**Instructions to follow:**
Each entry below is to be restated word for word, with no pictures carried over.

Collected data entries
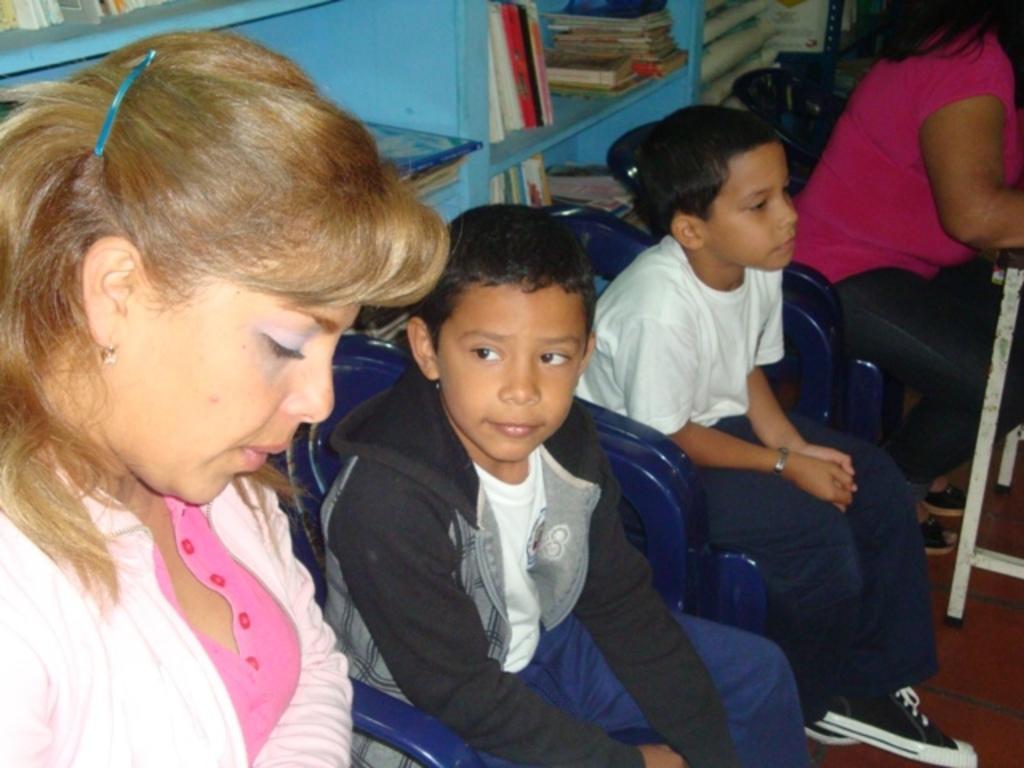Can you describe this image briefly? In this image, I can see four persons sitting on the chairs. In the background, there are books, which are kept in the racks. On the right side of the image, I can see an object on the floor. 
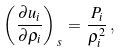<formula> <loc_0><loc_0><loc_500><loc_500>\left ( \frac { \partial u _ { i } } { \partial \rho _ { i } } \right ) _ { \, s } \, = \, \frac { P _ { i } } { \rho _ { i } ^ { 2 } } \, ,</formula> 
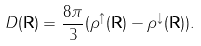<formula> <loc_0><loc_0><loc_500><loc_500>D ( \mathbf R ) = \frac { 8 \pi } 3 ( \rho ^ { \uparrow } ( \mathbf R ) - \rho ^ { \downarrow } ( \mathbf R ) ) .</formula> 
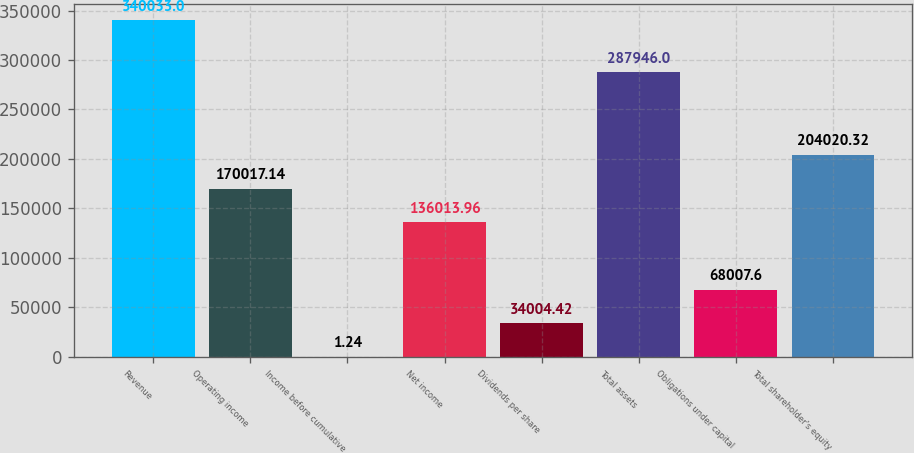Convert chart. <chart><loc_0><loc_0><loc_500><loc_500><bar_chart><fcel>Revenue<fcel>Operating income<fcel>Income before cumulative<fcel>Net income<fcel>Dividends per share<fcel>Total assets<fcel>Obligations under capital<fcel>Total shareholder's equity<nl><fcel>340033<fcel>170017<fcel>1.24<fcel>136014<fcel>34004.4<fcel>287946<fcel>68007.6<fcel>204020<nl></chart> 
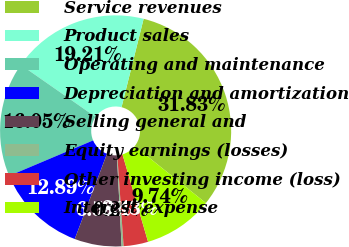Convert chart to OTSL. <chart><loc_0><loc_0><loc_500><loc_500><pie_chart><fcel>Service revenues<fcel>Product sales<fcel>Operating and maintenance<fcel>Depreciation and amortization<fcel>Selling general and<fcel>Equity earnings (losses)<fcel>Other investing income (loss)<fcel>Interest expense<nl><fcel>31.83%<fcel>19.21%<fcel>16.05%<fcel>12.89%<fcel>6.58%<fcel>0.27%<fcel>3.43%<fcel>9.74%<nl></chart> 
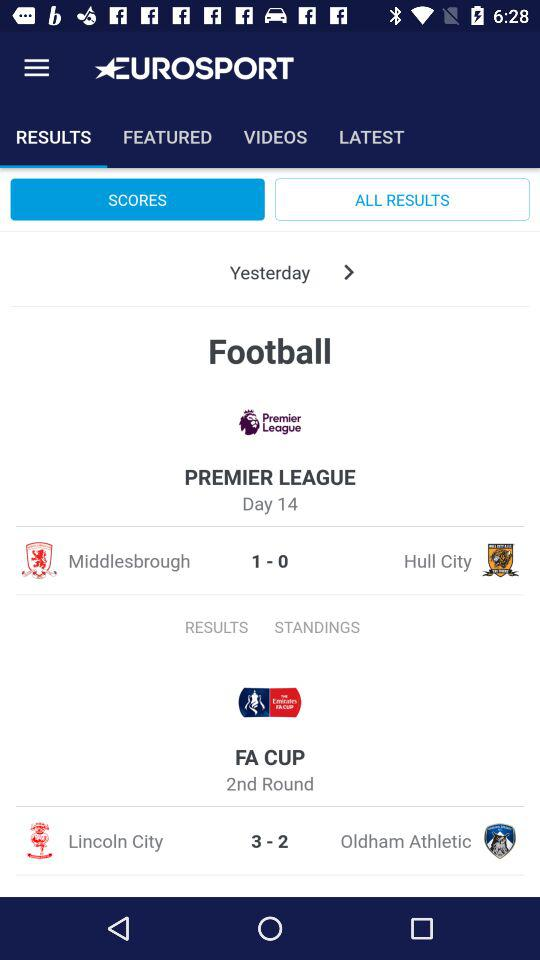How many more goals were scored in the Premier League than in the FA Cup?
Answer the question using a single word or phrase. 2 
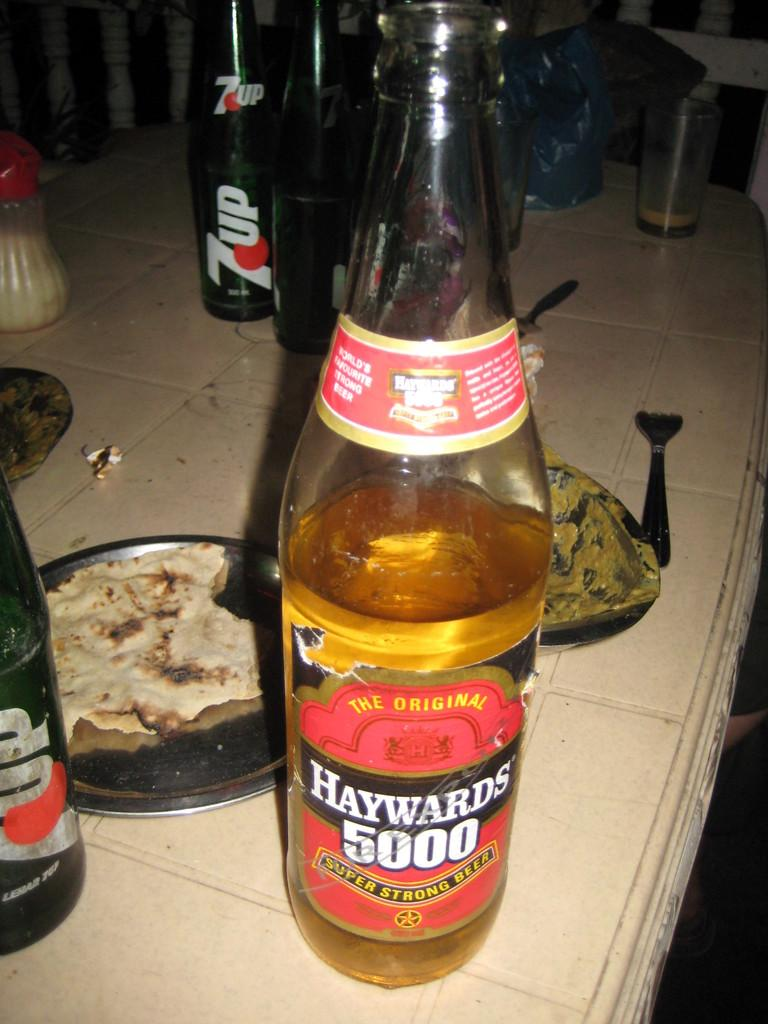<image>
Share a concise interpretation of the image provided. A bottle of Haywards beer is on the table with food and 7up. 
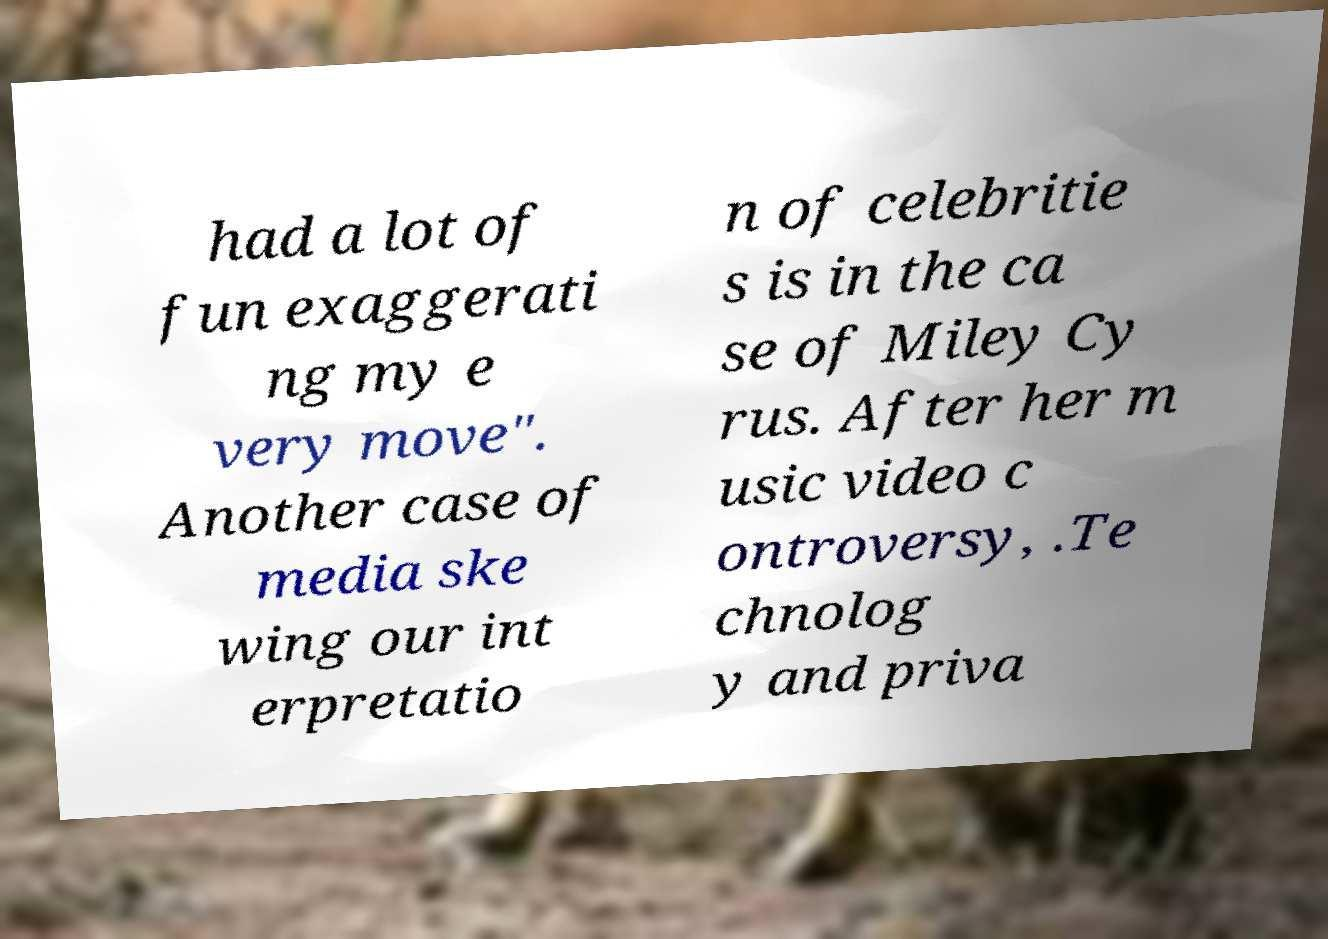Please identify and transcribe the text found in this image. had a lot of fun exaggerati ng my e very move". Another case of media ske wing our int erpretatio n of celebritie s is in the ca se of Miley Cy rus. After her m usic video c ontroversy, .Te chnolog y and priva 
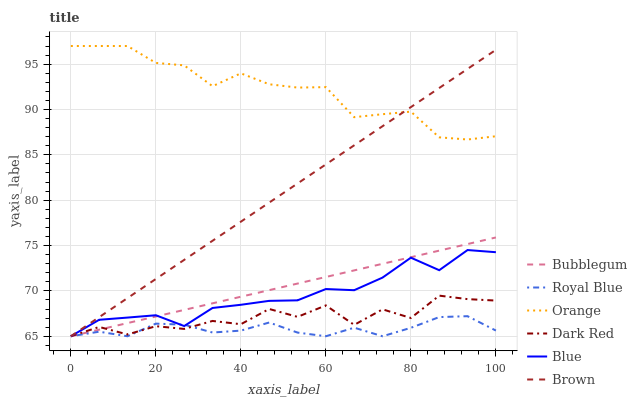Does Brown have the minimum area under the curve?
Answer yes or no. No. Does Brown have the maximum area under the curve?
Answer yes or no. No. Is Brown the smoothest?
Answer yes or no. No. Is Brown the roughest?
Answer yes or no. No. Does Orange have the lowest value?
Answer yes or no. No. Does Brown have the highest value?
Answer yes or no. No. Is Blue less than Orange?
Answer yes or no. Yes. Is Orange greater than Royal Blue?
Answer yes or no. Yes. Does Blue intersect Orange?
Answer yes or no. No.

**Task answer:**
Can you describe this image briefly? In this image, I can see four persons sitting on the chairs. In the background, there are books, which are kept in the racks. On the right side of the image, I can see an object on the floor. 
<formula> <loc_0><loc_0><loc_500><loc_500>\left ( \frac { \partial u _ { i } } { \partial \rho _ { i } } \right ) _ { \, s } \, = \, \frac { P _ { i } } { \rho _ { i } ^ { 2 } } \, ,</formula> 
<formula> <loc_0><loc_0><loc_500><loc_500>D ( \mathbf R ) = \frac { 8 \pi } 3 ( \rho ^ { \uparrow } ( \mathbf R ) - \rho ^ { \downarrow } ( \mathbf R ) ) .</formula> 
Convert chart. <chart><loc_0><loc_0><loc_500><loc_500><bar_chart><fcel>Revenue<fcel>Operating income<fcel>Income before cumulative<fcel>Net income<fcel>Dividends per share<fcel>Total assets<fcel>Obligations under capital<fcel>Total shareholder's equity<nl><fcel>340033<fcel>170017<fcel>1.24<fcel>136014<fcel>34004.4<fcel>287946<fcel>68007.6<fcel>204020<nl></chart> 
Convert chart to OTSL. <chart><loc_0><loc_0><loc_500><loc_500><pie_chart><fcel>Service revenues<fcel>Product sales<fcel>Operating and maintenance<fcel>Depreciation and amortization<fcel>Selling general and<fcel>Equity earnings (losses)<fcel>Other investing income (loss)<fcel>Interest expense<nl><fcel>31.83%<fcel>19.21%<fcel>16.05%<fcel>12.89%<fcel>6.58%<fcel>0.27%<fcel>3.43%<fcel>9.74%<nl></chart> 
How many more goals were scored in the Premier League than in the FA Cup?
Answer the question using a single word or phrase. 2 
<image>
Share a concise interpretation of the image provided. A bottle of Haywards beer is on the table with food and 7up. 
Please identify and transcribe the text found in this image. had a lot of fun exaggerati ng my e very move". Another case of media ske wing our int erpretatio n of celebritie s is in the ca se of Miley Cy rus. After her m usic video c ontroversy, .Te chnolog y and priva 
Does Brown have the minimum area under the curve?
Answer yes or no. No. Does Brown have the maximum area under the curve?
Answer yes or no. No. Is Brown the smoothest?
Answer yes or no. No. Is Brown the roughest?
Answer yes or no. No. Does Orange have the lowest value?
Answer yes or no. No. Does Brown have the highest value?
Answer yes or no. No. Is Blue less than Orange?
Answer yes or no. Yes. Is Orange greater than Royal Blue?
Answer yes or no. Yes. Does Blue intersect Orange?
Answer yes or no. No.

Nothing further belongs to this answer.